Rarely do children rebel without reason. Even a two-year-old throwing a temper tantrum has an underlying want or need. This is why he or she acts out. The same holds true for young adults. They must feel as if their wants and needs are taken into account, especially when it comes to their education. They need to build their skill set in a fair, positive and specific manner suited to their needs. Otherwise, they will lash out and rake up multiple suspensions and possibly expulsion.

It Isn’t Just About Brains

One thing The Breakfast Club showed brilliantly was even the smart kid could get suspended. People place too much emphasis on IQ, and this ignores two crucial elements to a person’s ability to learn: social and emotional status. In The Breakfast Club, moviegoers saw that Bender was abused by both of his parents, yet they also learned that the “perfect” parents of Brian Ralph Johnson – the brain – pushed him too hard, and he finally snaps. There is much more to learning than IQ.

External Considerations

An alternative to student suspension looks at these external factors. Why is a student bullying, cheating, disrespecting authority, fighting, lying, vandalizing and/or even committing hate crimes? Once this external factor is identified, steps can be taken to provide the discipline the students needs via positive support. This alternative to suspension proves more effective than removing the student from the very education that could save his or her life.

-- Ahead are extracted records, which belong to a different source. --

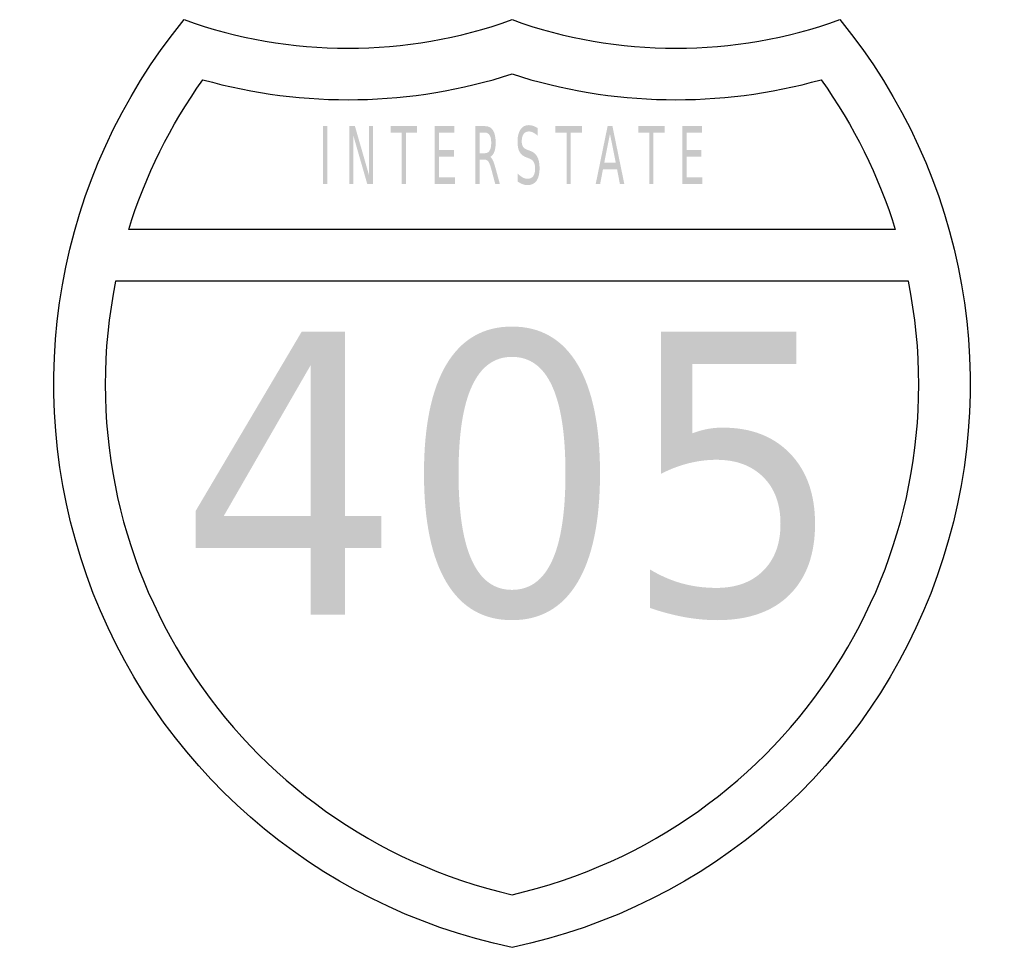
# Model space of a CAD drawing. Header units: inches. Extents: x -0.5 to 0.5, y -0.47 to 0.47.
import ezdxf

# ---------------------------------------------------------------- set-up
doc = ezdxf.new("R2010")
doc.units = ezdxf.units.IN
doc.header["$MEASUREMENT"] = 0

msp = doc.modelspace()

# ---------------------------------------------------------------- hatches: boundary and pattern name
for points in [[(-0.1919, 0.3632), (-0.1876, 0.3632), (-0.1876, 0.3043), (-0.1919, 0.3043), (-0.1919, 0.3632)], [(-0.1652, 0.3632), (-0.1595, 0.3632), (-0.1454, 0.3139), (-0.1454, 0.3632), (-0.1412, 0.3632), (-0.1412, 0.3043), (-0.147, 0.3043), (-0.1611, 0.3535), (-0.1611, 0.3043), (-0.1652, 0.3043), (-0.1652, 0.3632)], [(-0.1232, 0.3632), (-0.0964, 0.3632), (-0.0964, 0.3565), (-0.1076, 0.3565), (-0.1076, 0.3043), (-0.1119, 0.3043), (-0.1119, 0.3565), (-0.1232, 0.3565), (-0.1232, 0.3632)], [(-0.0784, 0.3632), (-0.0584, 0.3632), (-0.0584, 0.3565), (-0.0741, 0.3565), (-0.0741, 0.339), (-0.059, 0.339), (-0.059, 0.3323), (-0.0741, 0.3323), (-0.0741, 0.311), (-0.058, 0.311), (-0.058, 0.3043), (-0.0784, 0.3043), (-0.0784, 0.3632)], [(0.0441, 0.3632), (0.071, 0.3632), (0.071, 0.3565), (0.0597, 0.3565), (0.0597, 0.3043), (0.0554, 0.3043), (0.0554, 0.3565), (0.0441, 0.3565), (0.0441, 0.3632)], [(0.1282, 0.3632), (0.155, 0.3632), (0.155, 0.3565), (0.1437, 0.3565), (0.1437, 0.3043), (0.1394, 0.3043), (0.1394, 0.3565), (0.1282, 0.3565), (0.1282, 0.3632)], [(0.173, 0.3632), (0.193, 0.3632), (0.193, 0.3565), (0.1773, 0.3565), (0.1773, 0.339), (0.1924, 0.339), (0.1924, 0.3323), (0.1773, 0.3323), (0.1773, 0.311), (0.1934, 0.311), (0.1934, 0.3043), (0.173, 0.3043), (0.173, 0.3632)]]:
    msp.add_hatch(color=7).paths.add_polyline_path(points)
h = msp.add_hatch(color=7)
edge = h.paths.add_edge_path()
edge.add_spline(control_points=[(-0.022, 0.3319), (-0.0211, 0.3313), (-0.0202, 0.3301), (-0.0193, 0.3282), (-0.0185, 0.3263), (-0.0176, 0.3237), (-0.0167, 0.3204)], knot_values=[0, 0, 0, 0, 1, 1, 1, 2, 2, 2, 2], degree=3, periodic=0)
edge.add_line((-0.0167, 0.3204), (-0.0123, 0.3043))
edge.add_line((-0.0123, 0.3043), (-0.017, 0.3043))
edge.add_line((-0.017, 0.3043), (-0.021, 0.3194))
edge.add_spline(control_points=[(-0.021, 0.3194), (-0.0221, 0.3234), (-0.0231, 0.326), (-0.0241, 0.3273), (-0.025, 0.3286), (-0.0264, 0.3292), (-0.0281, 0.3292)], knot_values=[0, 0, 0, 0, 1, 1, 1, 2, 2, 2, 2], degree=3, periodic=0)
edge.add_line((-0.0281, 0.3292), (-0.0328, 0.3292))
edge.add_line((-0.0328, 0.3292), (-0.0328, 0.3043))
edge.add_line((-0.0328, 0.3043), (-0.0371, 0.3043))
edge.add_line((-0.0371, 0.3043), (-0.0371, 0.3632))
edge.add_line((-0.0371, 0.3632), (-0.0274, 0.3632))
edge.add_spline(control_points=[(-0.0274, 0.3632), (-0.0237, 0.3632), (-0.021, 0.3618), (-0.0193, 0.3589), (-0.0175, 0.3561), (-0.0166, 0.3519), (-0.0166, 0.3462), (-0.0166, 0.3425), (-0.017, 0.3394), (-0.018, 0.337), (-0.0189, 0.3346), (-0.0202, 0.3329), (-0.022, 0.3319)], knot_values=[0, 0, 0, 0, 1, 1, 1, 2, 2, 2, 3, 3, 3, 4, 4, 4, 4], degree=3, periodic=0)
edge = h.paths.add_edge_path(flags=0)
edge.add_line((-0.0328, 0.3566), (-0.0328, 0.3357))
edge.add_line((-0.0328, 0.3357), (-0.0274, 0.3357))
edge.add_spline(control_points=[(-0.0274, 0.3357), (-0.0253, 0.3357), (-0.0237, 0.3366), (-0.0227, 0.3384), (-0.0216, 0.3402), (-0.0211, 0.3428), (-0.0211, 0.3462), (-0.0211, 0.3497), (-0.0216, 0.3523), (-0.0227, 0.354), (-0.0237, 0.3557), (-0.0253, 0.3566), (-0.0274, 0.3566)], knot_values=[0, 0, 0, 0, 1, 1, 1, 2, 2, 2, 3, 3, 3, 4, 4, 4, 4], degree=3, periodic=0)
edge.add_line((-0.0274, 0.3566), (-0.0328, 0.3566))
h = msp.add_hatch(color=7)
edge = h.paths.add_edge_path()
edge.add_line((0.026, 0.3612), (0.026, 0.3535))
edge.add_spline(control_points=[(0.026, 0.3535), (0.0244, 0.3549), (0.0229, 0.356), (0.0214, 0.3567), (0.02, 0.3574), (0.0186, 0.3578), (0.0172, 0.3578), (0.0149, 0.3578), (0.0131, 0.3569), (0.0118, 0.3552), (0.0106, 0.3536), (0.0099, 0.3512), (0.0099, 0.3481), (0.0099, 0.3455), (0.0103, 0.3435), (0.0112, 0.3422), (0.012, 0.3409), (0.0136, 0.3398), (0.016, 0.339)], knot_values=[0, 0, 0, 0, 1, 1, 1, 2, 2, 2, 3, 3, 3, 4, 4, 4, 5, 5, 5, 6, 6, 6, 6], degree=3, periodic=0)
edge.add_line((0.016, 0.339), (0.0186, 0.338))
edge.add_spline(control_points=[(0.0186, 0.338), (0.0218, 0.3369), (0.0242, 0.3349), (0.0257, 0.332), (0.0272, 0.3292), (0.028, 0.3253), (0.028, 0.3206), (0.028, 0.3149), (0.0269, 0.3105), (0.0249, 0.3076), (0.0228, 0.3047), (0.0198, 0.3032), (0.0158, 0.3032), (0.0143, 0.3032), (0.0127, 0.3035), (0.011, 0.3041), (0.0093, 0.3048), (0.0075, 0.3057), (0.0057, 0.3069)], knot_values=[0, 0, 0, 0, 1, 1, 1, 2, 2, 2, 3, 3, 3, 4, 4, 4, 5, 5, 5, 6, 6, 6, 6], degree=3, periodic=0)
edge.add_line((0.0057, 0.3069), (0.0057, 0.3151))
edge.add_spline(control_points=[(0.0057, 0.3151), (0.0075, 0.3133), (0.0092, 0.312), (0.0109, 0.311), (0.0125, 0.3101), (0.0142, 0.3097), (0.0158, 0.3097), (0.0182, 0.3097), (0.0201, 0.3105), (0.0215, 0.3123), (0.0228, 0.3141), (0.0235, 0.3167), (0.0235, 0.32), (0.0235, 0.3229), (0.023, 0.3251), (0.022, 0.3268), (0.0211, 0.3284), (0.0195, 0.3296), (0.0173, 0.3304)], knot_values=[0, 0, 0, 0, 1, 1, 1, 2, 2, 2, 3, 3, 3, 4, 4, 4, 5, 5, 5, 6, 6, 6, 6], degree=3, periodic=0)
edge.add_line((0.0173, 0.3304), (0.0147, 0.3314))
edge.add_spline(control_points=[(0.0147, 0.3314), (0.0115, 0.3325), (0.0092, 0.3344), (0.0078, 0.3369), (0.0063, 0.3394), (0.0056, 0.3429), (0.0056, 0.3474), (0.0056, 0.3526), (0.0066, 0.3567), (0.0086, 0.3597), (0.0106, 0.3627), (0.0133, 0.3642), (0.0167, 0.3642), (0.0182, 0.3642), (0.0198, 0.364), (0.0213, 0.3635), (0.0229, 0.363), (0.0244, 0.3622), (0.026, 0.3612)], knot_values=[0, 0, 0, 0, 1, 1, 1, 2, 2, 2, 3, 3, 3, 4, 4, 4, 5, 5, 5, 6, 6, 6, 6], degree=3, periodic=0)
h = msp.add_hatch(color=7)
h.paths.add_polyline_path([(0.0971, 0.3632), (0.102, 0.3632), (0.1141, 0.3043), (0.1096, 0.3043), (0.1067, 0.3194), (0.0924, 0.3194), (0.0895, 0.3043), (0.085, 0.3043), (0.0971, 0.3632)])
h.paths.add_polyline_path([(0.0995, 0.3553), (0.0937, 0.326), (0.1054, 0.326), (0.0995, 0.3553)], flags=0)
h = msp.add_hatch(color=7)
h.paths.add_polyline_path([(-0.2136, 0.1543), (-0.1695, 0.1543), (-0.1695, -0.0331), (-0.1327, -0.0331), (-0.1327, -0.0655), (-0.1695, -0.0655), (-0.1695, -0.1333), (-0.2044, -0.1333), (-0.2044, -0.0655), (-0.3213, -0.0655), (-0.3213, -0.0279), (-0.2136, 0.1543)])
h.paths.add_polyline_path([(-0.2044, 0.1204), (-0.2928, -0.0331), (-0.2044, -0.0331), (-0.2044, 0.1204)], flags=0)
h = msp.add_hatch(color=7)
edge = h.paths.add_edge_path()
edge.add_spline(control_points=[(0, 0.1595), (0.029, 0.1595), (0.0512, 0.1467), (0.0665, 0.1212), (0.0817, 0.0958), (0.0894, 0.0587), (0.0894, 0.0102), (0.0894, -0.0382), (0.0817, -0.0752), (0.0665, -0.1006), (0.0512, -0.1261), (0.029, -0.1389), (0, -0.1389), (-0.029, -0.1389), (-0.0512, -0.1261), (-0.0665, -0.1006), (-0.0817, -0.0752), (-0.0894, -0.0382), (-0.0894, 0.0102), (-0.0894, 0.0587), (-0.0817, 0.0958), (-0.0665, 0.1212), (-0.0512, 0.1467), (-0.029, 0.1595), (0, 0.1595)], knot_values=[0, 0, 0, 0, 1, 1, 1, 2, 2, 2, 3, 3, 3, 4, 4, 4, 5, 5, 5, 6, 6, 6, 7, 7, 7, 8, 8, 8, 8], degree=3, periodic=0)
edge = h.paths.add_edge_path(flags=0)
edge.add_spline(control_points=[(0, 0.1287), (-0.018, 0.1287), (-0.0315, 0.1188), (-0.0406, 0.0991), (-0.0498, 0.0794), (-0.0543, 0.0498), (-0.0543, 0.0102), (-0.0543, -0.0292), (-0.0498, -0.0588), (-0.0406, -0.0785), (-0.0315, -0.0982), (-0.018, -0.1081), (0, -0.1081), (0.0181, -0.1081), (0.0317, -0.0982), (0.0407, -0.0785), (0.0498, -0.0588), (0.0543, -0.0292), (0.0543, 0.0102), (0.0543, 0.0498), (0.0498, 0.0794), (0.0407, 0.0991), (0.0317, 0.1188), (0.0181, 0.1287), (0, 0.1287)], knot_values=[0, 0, 0, 0, 1, 1, 1, 2, 2, 2, 3, 3, 3, 4, 4, 4, 5, 5, 5, 6, 6, 6, 7, 7, 7, 8, 8, 8, 8], degree=3, periodic=0)
h = msp.add_hatch(color=7)
edge = h.paths.add_edge_path()
edge.add_line((0.1512, 0.1543), (0.2887, 0.1543))
edge.add_line((0.2887, 0.1543), (0.2887, 0.1215))
edge.add_line((0.2887, 0.1215), (0.1832, 0.1215))
edge.add_line((0.1832, 0.1215), (0.1832, 0.051))
edge.add_spline(control_points=[(0.1832, 0.051), (0.1883, 0.053), (0.1934, 0.0544), (0.1985, 0.0554), (0.2036, 0.0563), (0.2087, 0.0568), (0.2138, 0.0568), (0.2427, 0.0568), (0.2656, 0.048), (0.2825, 0.0304), (0.2994, 0.0128), (0.3078, -0.011), (0.3078, -0.041), (0.3078, -0.072), (0.2991, -0.096), (0.2818, -0.1132), (0.2645, -0.1303), (0.24, -0.1389), (0.2084, -0.1389), (0.1975, -0.1389), (0.1864, -0.1378), (0.1752, -0.1358), (0.1639, -0.1337), (0.1523, -0.1307), (0.1402, -0.1265)], knot_values=[0, 0, 0, 0, 1, 1, 1, 2, 2, 2, 3, 3, 3, 4, 4, 4, 5, 5, 5, 6, 6, 6, 7, 7, 7, 8, 8, 8, 8], degree=3, periodic=0)
edge.add_line((0.1402, -0.1265), (0.1402, -0.0874))
edge.add_spline(control_points=[(0.1402, -0.0874), (0.1506, -0.0937), (0.1614, -0.0984), (0.1725, -0.1015), (0.1836, -0.1046), (0.1953, -0.1061), (0.2076, -0.1061), (0.2277, -0.1061), (0.2435, -0.1003), (0.2552, -0.0886), (0.2669, -0.0769), (0.2727, -0.0611), (0.2727, -0.041), (0.2727, -0.021), (0.2669, -0.0051), (0.2552, 0.0065), (0.2435, 0.0182), (0.2277, 0.0241), (0.2076, 0.0241), (0.1983, 0.0241), (0.1889, 0.0229), (0.1796, 0.0206), (0.1703, 0.0183), (0.1608, 0.0147), (0.1512, 0.0098)], knot_values=[0, 0, 0, 0, 1, 1, 1, 2, 2, 2, 3, 3, 3, 4, 4, 4, 5, 5, 5, 6, 6, 6, 7, 7, 7, 8, 8, 8, 8], degree=3, periodic=0)
edge.add_line((0.1512, 0.0098), (0.1512, 0.1543))

# ---------------------------------------------------------------- linework, layer by layer
at = {"color": 7}
for points in [[(0.3893, 0.2581), (-0.3893, 0.2581)], [(0.4026, 0.2058), (-0.4026, 0.2058)]]:
    msp.add_lwpolyline(points, dxfattribs=at)
for points in [[(0, -0.4714), (-0.2001, -0.4297), (-0.3639, -0.2865), (-0.4319, -0.0938), (-0.5, 0.099), (-0.4625, 0.3132), (-0.333, 0.4714)], [(0.333, 0.4714), (0.4625, 0.3132), (0.5, 0.099), (0.4319, -0.0938), (0.3639, -0.2865), (0.2001, -0.4297), (0, -0.4714)]]:
    msp.add_open_spline(points, degree=3, knots=[0, 0, 0, 0, 1, 1, 1, 2, 2, 2, 2], dxfattribs=at)
for points in [[(-0.333, 0.4714), (-0.2254, 0.4327), (-0.1076, 0.4327), (0, 0.4714)], [(0, 0.4714), (0.1076, 0.4327), (0.2254, 0.4327), (0.333, 0.4714)], [(-0.3893, 0.2581), (-0.3725, 0.3126), (-0.347, 0.364), (-0.3139, 0.4104)], [(-0.3139, 0.4104), (-0.211, 0.3814), (-0.1018, 0.3834), (0, 0.4162)], [(0, 0.4162), (0.1018, 0.3834), (0.211, 0.3814), (0.3139, 0.4104)], [(0.3139, 0.4104), (0.347, 0.364), (0.3725, 0.3126), (0.3893, 0.2581)], [(-0.4026, 0.2058), (-0.4594, -0.0768), (-0.2809, -0.3532), (0, -0.4179)], [(0, -0.4179), (0.2809, -0.3532), (0.4594, -0.0768), (0.4026, 0.2058)]]:
    msp.add_open_spline(points, degree=3, dxfattribs=at)

doc.saveas('drawing.dxf')

It only takes five steps to help a student overcome disruptive and destructive behavior. You must identify a student’s strengths and focus on them, detail why the student’s behavior caused trouble, encourage the student to determine why he or she acted that way, build up additional strengths to help control the behavior, and encourage the student to track his or her progress. When you use this alternative to suspension, you tell as student he or she matters, which is the first step in giving him or her life skills they need to exceed in education and beyond.